Nada de Padres gregos, nada de mística trinitária, nada de Dionísio Areopagita, nada dos Capadócios, etc. Tudo isso é lícito, por certo, inclusive como viés formativo ou preferência espiritual por outros rumos que ninguém exclui. Mas o que não é lícito, mais ainda, o que é incongruente, contraditório e, em certo modo, descomunal, é pretender enfrentar a subversão semântica e religiosa, antecipadamente descrita pelo Apocalipse — loquebatur sicut draco (“falava como dragão”) (Ap 13,11) — e reconhecida de algum modo pelo arcebispo germânico, sem recorrer às fontes invulneráveis; ou recompor a união entre Culto e Mistério Divino com o suposto Geist do Concílio — e eu diria, imitando o cardeal, Unkonzilsgeist —; é postular uma Igreja fundada na palavra profética, desmembrada por uma operação semântica secular e nefasta, recomposta pela perspectiva ecumenista, própria de uma mentalidade que vive da imanência histórica e fática. Daí a valorização excessiva de outras constâncias contemporâneas, a depreciação da antiguidade, o esquecimento da mística teândrica.
Na realidade, são os bispos, teólogos, peritos, biblistas, etc. que perderam a Fé no Mistério do Culto enquanto signo ôntico do Mistério da Igreja, e esta enquanto Sacramentum Trinitatis (Sacramento da Trindade). Essa congruência sacramental se incardina no Mistério da Encarnação e Ressurreição de Cristo, sem o que não existe nada do que o cardeal pretende defender, corrigir, endireitar e proclamar. E essa é a grande paradoxalidade que nos deixa perplexos, diante do panorama de ruínas e de insipiência que tudo profana. Se “os cristãos são de novo minoria, mais do que em qualquer época desde o fim da Antiguidade”, como afirma Ratzinger num momento inicial do diálogo (cf. página 35), se essa minoria absoluta, em meio a esta crise avassaladora, ocorrida no coração das próprias estruturas da Igreja Romana, encontra-se desguarnecida por seus pastores, não se compreende como se minimiza o próprio centro de irradiação da Fé Vivente de um Vivente, e se confia, ao contrário, nos movimentos carismáticos, precisamente desvinculados de toda incardinação sacramental (cf. páginas 48–50).

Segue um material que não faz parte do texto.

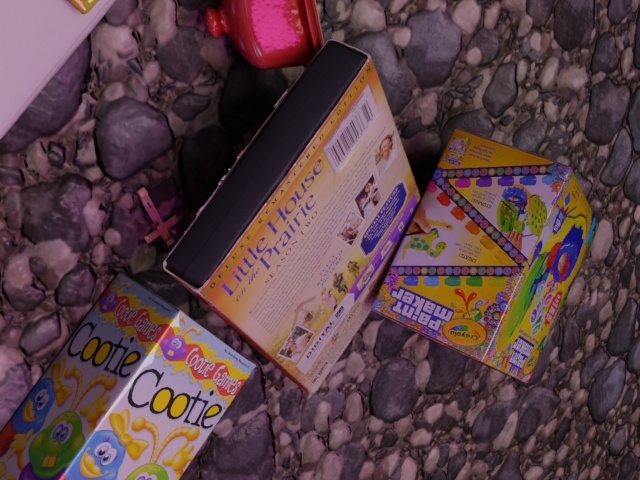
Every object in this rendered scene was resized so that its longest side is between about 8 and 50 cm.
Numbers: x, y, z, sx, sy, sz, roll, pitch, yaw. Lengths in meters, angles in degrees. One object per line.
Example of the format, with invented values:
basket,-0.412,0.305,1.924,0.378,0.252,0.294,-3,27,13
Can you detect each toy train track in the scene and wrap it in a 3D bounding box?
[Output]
toy train track,-0.191,-0.026,1.004,0.048,0.014,0.083,-40,127,-24

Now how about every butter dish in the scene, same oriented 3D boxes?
butter dish,-0.072,-0.257,0.958,0.118,0.160,0.160,-18,122,-9

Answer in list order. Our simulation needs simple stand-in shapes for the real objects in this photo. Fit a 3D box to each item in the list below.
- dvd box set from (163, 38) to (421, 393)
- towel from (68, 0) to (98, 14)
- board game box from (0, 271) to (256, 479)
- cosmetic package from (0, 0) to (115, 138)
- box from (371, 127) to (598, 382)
dvd box set,0.000,0.000,1.043,0.308,0.062,0.420,-56,154,-11
towel,-0.183,-0.250,0.483,0.102,0.021,0.237,-50,132,-9
board game box,-0.228,0.201,0.963,0.275,0.142,0.144,-56,132,-11
cosmetic package,-0.283,-0.338,0.601,0.394,0.329,0.327,-55,133,-13
box,0.251,0.034,1.248,0.279,0.177,0.290,-65,152,-2

Antes do concílio e durante o concílio, expus em meus cursos sobre a “fonte da cultura” as correspondências entre culto mistérico e cultura religiosa, e antes ainda, em meu curso “Introducción a la cultura católica y en las fuentes del humanismo”, assinalei outros aspectos dessa magna constelação de símbolos originantes e originários. Não vou repetir aquela argumentação. Pretendo apenas recordar neste capítulo de minha resposta as seguintes precisões indispensáveis e firmes, segundo os fundamentos da semântica greco-cristã.
1. O culto mistérico na Igreja corresponde a um nível mais próximo da realidade do Mistério de Cristo do que a Escritura, os concílios, a teologia, os documentos hierárquicos, por mais importantes que sejam. Por isso chama a atenção o exemplo de modulação semântica viciosa proposto pelo cardeal (página 59) e o total esquecimento das mudanças ocorridas no texto do Cânon. Mas, à margem dessa questão disputada por integristas e progressistas, por tradicionalistas e modernistas, sem que apareçam sempre os verdadeiros fundamentos semânticos do problema, quero sublinhar aqui não a semântica do culto, mas o culto em sua conotação de res eximiae (realidade excelsa), como diz o texto da famosa sequência Lauda Sion. A essa res se une a semântica congruente, por certo, mas prefiro distingui-la para não ser acusado de polemizar sobre categorias de palavras, o que não é verdade. Trata-se de uma organicidade inseparável. Res + verbum congruente dão-nos a medida ôntica do mistério celebrado, e aqui também a “palavra” ocupa um plano diverso e mais denso do que a palavra profética. Em última instância, talvez nos defrontemos com uma “teologia da palavra” que, do ponto de vista da revelação trinitária, só pode desdobrar-se e integrar-se na visão do Verbo encarnado.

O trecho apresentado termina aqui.